As you'd imagine, making one image smaller than the other makes it look farther away. I used the Scale function to reduce the apparent size of the carriage house by "shrinking" its layer. It works like a charm.

Entourage

Image of Magnolia in front, Tucker carriage house behind, with fencing extended to the right of the Magnolia.

I like to make house collages more realistic by adding landscaping. If the source drawings or photos with which you're working include landscaping, you can use your software to copy and paste the existing landscaping and arrange it in appropriate places around the houses. I applied that principle to this collage by taking two boards of fencing from the carriage house photo and copy-pasting them to extend the fence across the imaginary yard.

What if your source material doesn't include landscaping? In that case, public domain images help. My favorite source is Wikimedia Commons, which has hundreds of landscape photos as of this writing. Each image includes an information box that tells you whether the image is in the public domain.

Collage of Tucker Carriage House with fencing to the right and trees behind the fencing.

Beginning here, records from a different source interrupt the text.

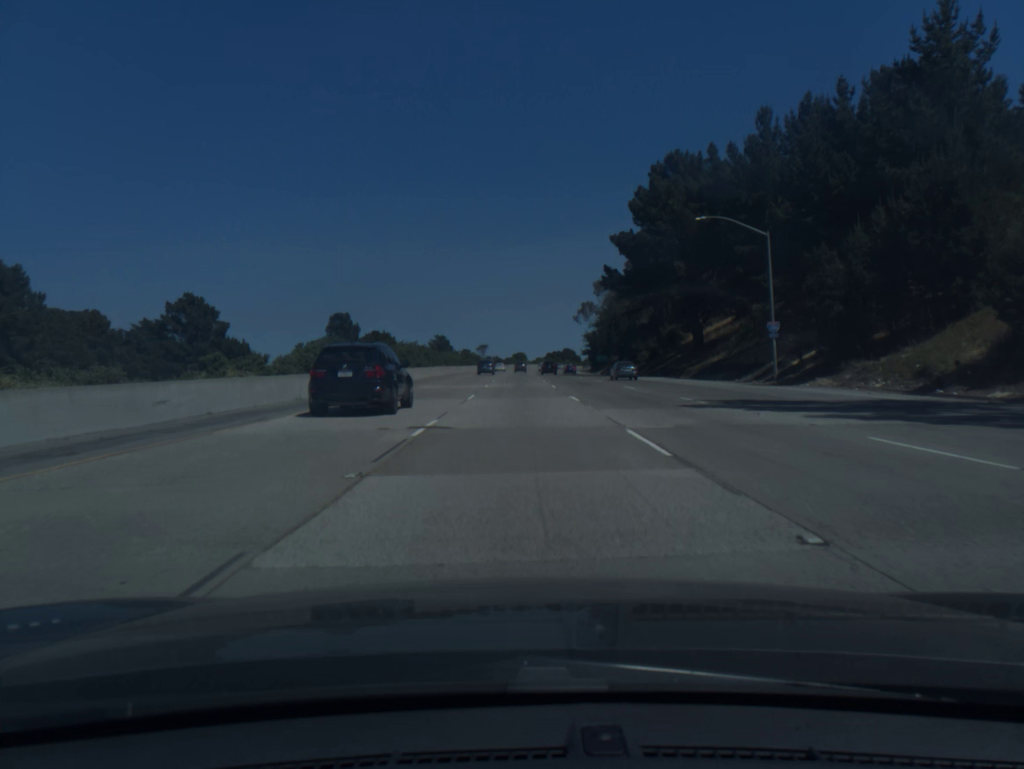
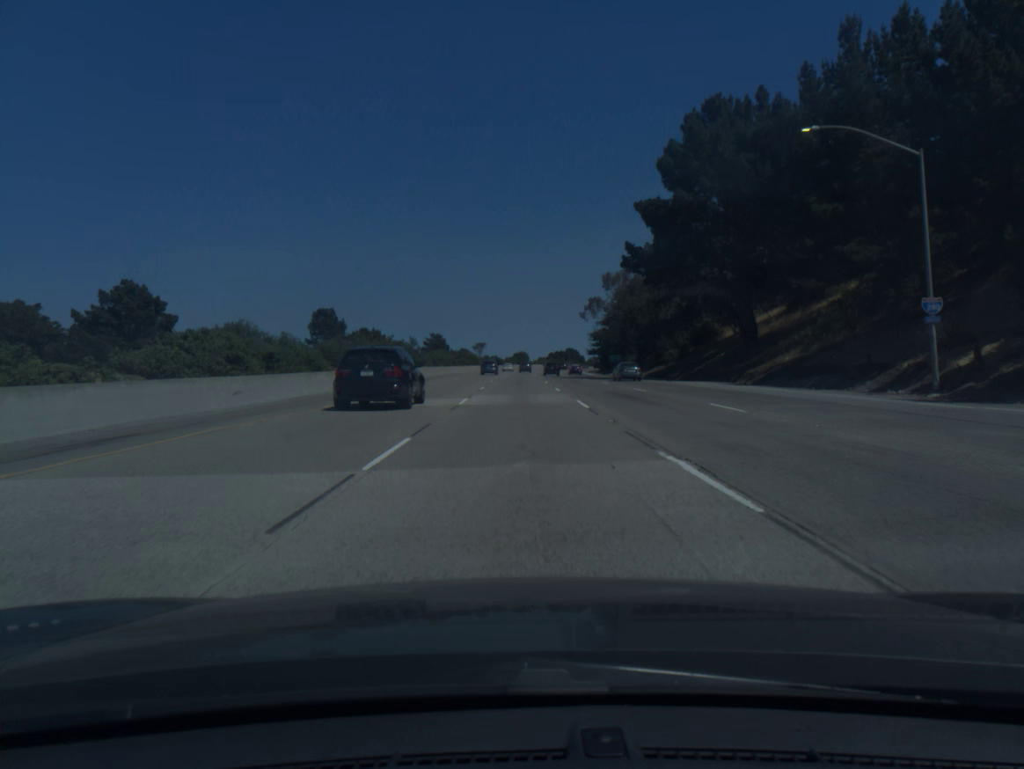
(0.0, +18.5) m; 0°
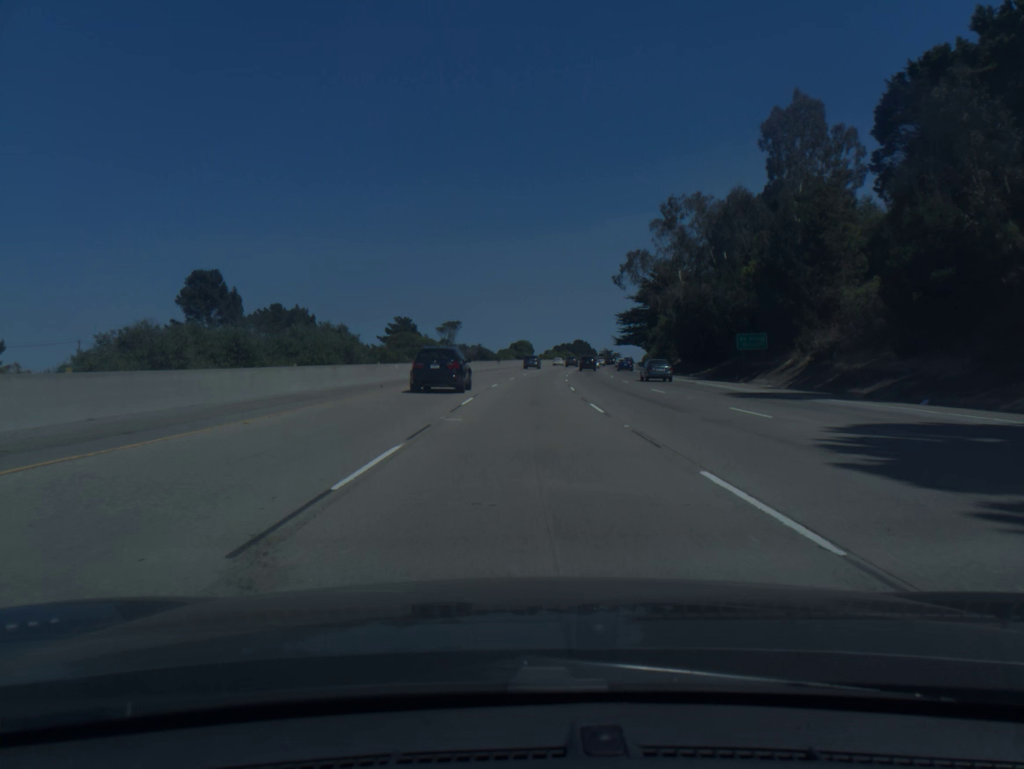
(-0.1, +74.4) m; 0°
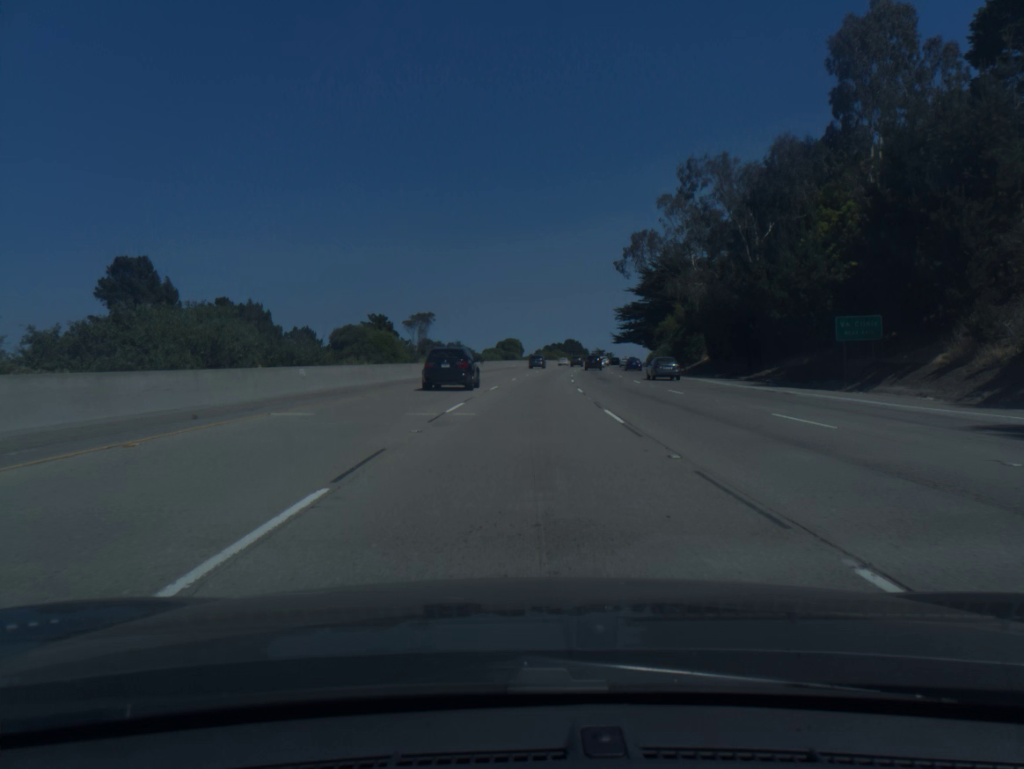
(+0.1, +18.7) m; +1°
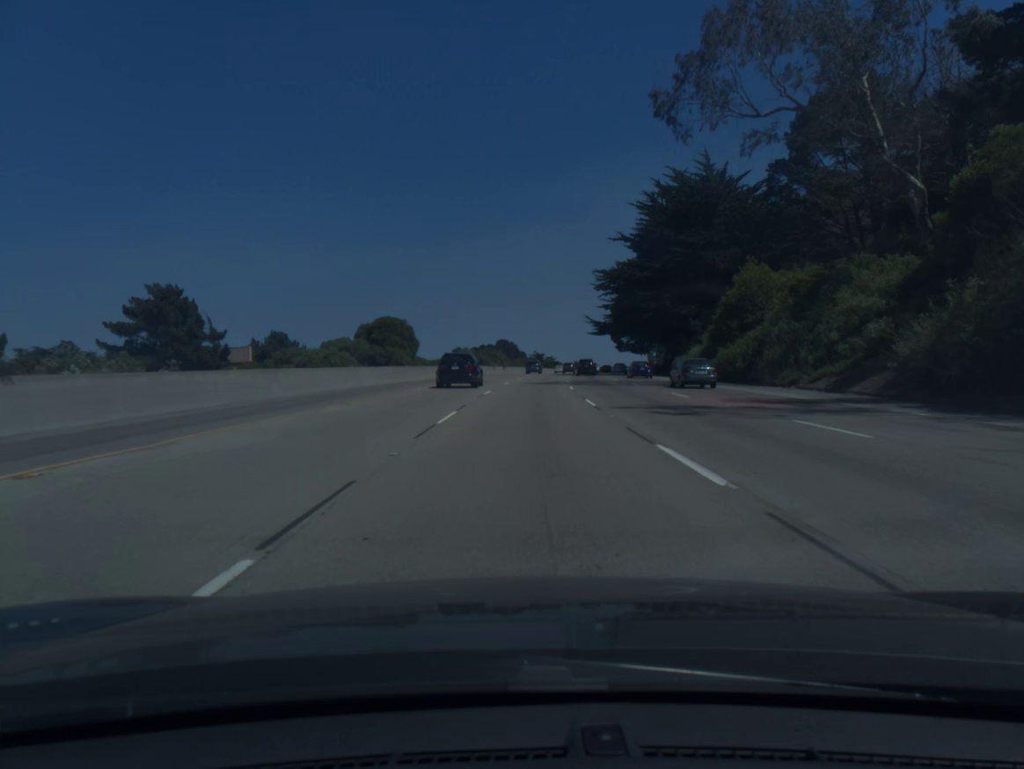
(+3.1, +75.0) m; +5°
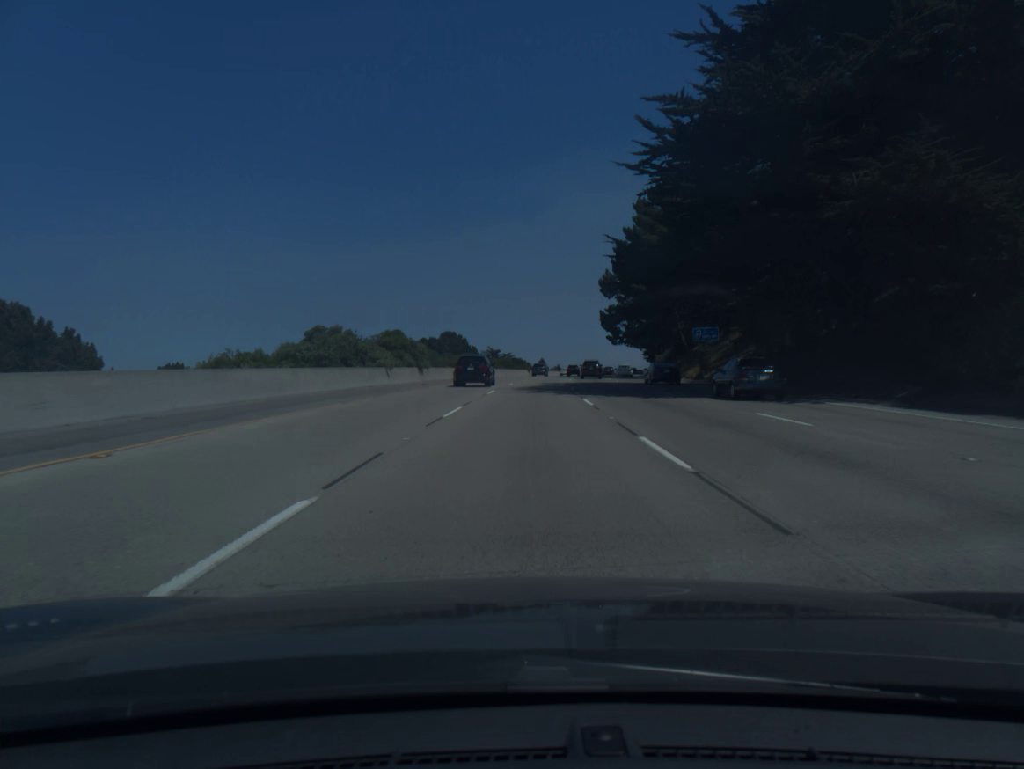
(+1.6, +56.4) m; +3°
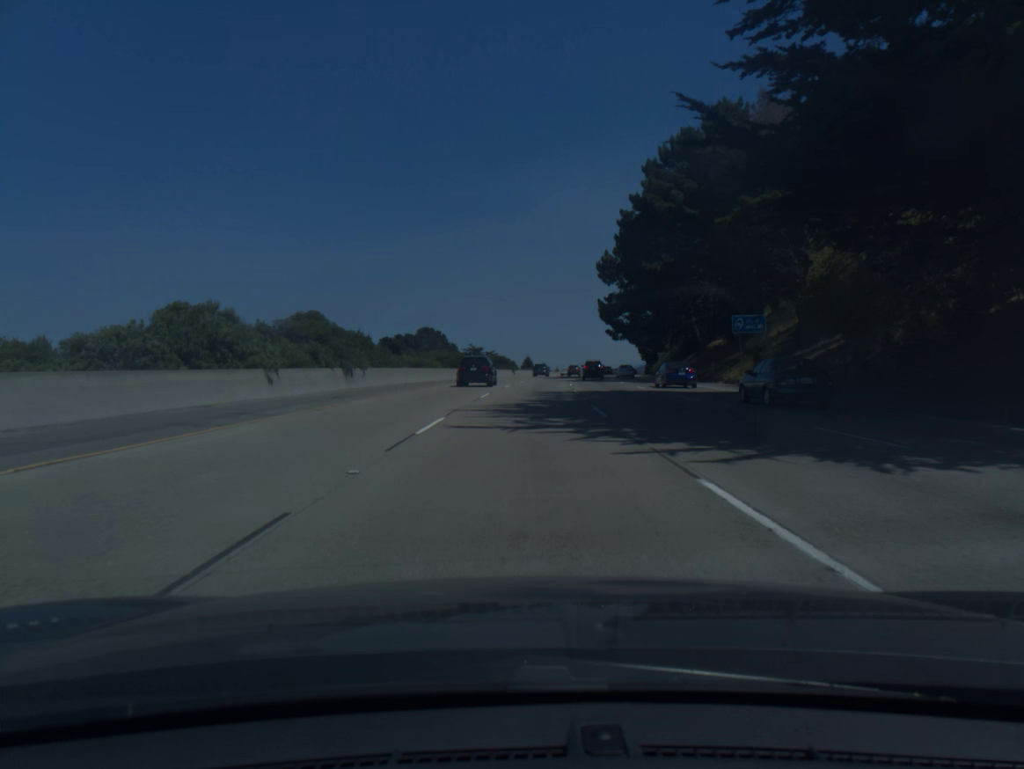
(+0.2, +18.8) m; +1°

You can download the file from Wikimedia Commons, import it into its own layer, and trim it as you did with the house images. If you want to adjust the exposure or hue of the photo to better match the collage, your software's "filters" feature will do the trick.

In the case of my collage, the right-hand sky was bare. The collage looked imbalanced. So I imported some trees from a public domain image, trimmed them, and placed them on a lower layer so they'd appear behind the fence.

Attitude

Final collage with Magnolia Foursquare in front and Tucker Carriage House behind, with fencing and trees on the right.

As with any creative project, it can be easy to forget yourself and go too far. Some may strive for more perfection than the task really calls for. Would my collage be better if I changed the color of the Magnolia to match the Tucker Carriage House? Perhaps. But the image, as it stands, is enough to answer the starting question:

The Tucker Carriage House could be a good match for the Magnolia.

One question down... On to the next.

Final Message

It takes many steps to take a homebuilding project from concept to completion. Don't let formality get in your way. Try your ideas by sketching them, if sketching is your thing. If not, give collage a try. It's productive and fun.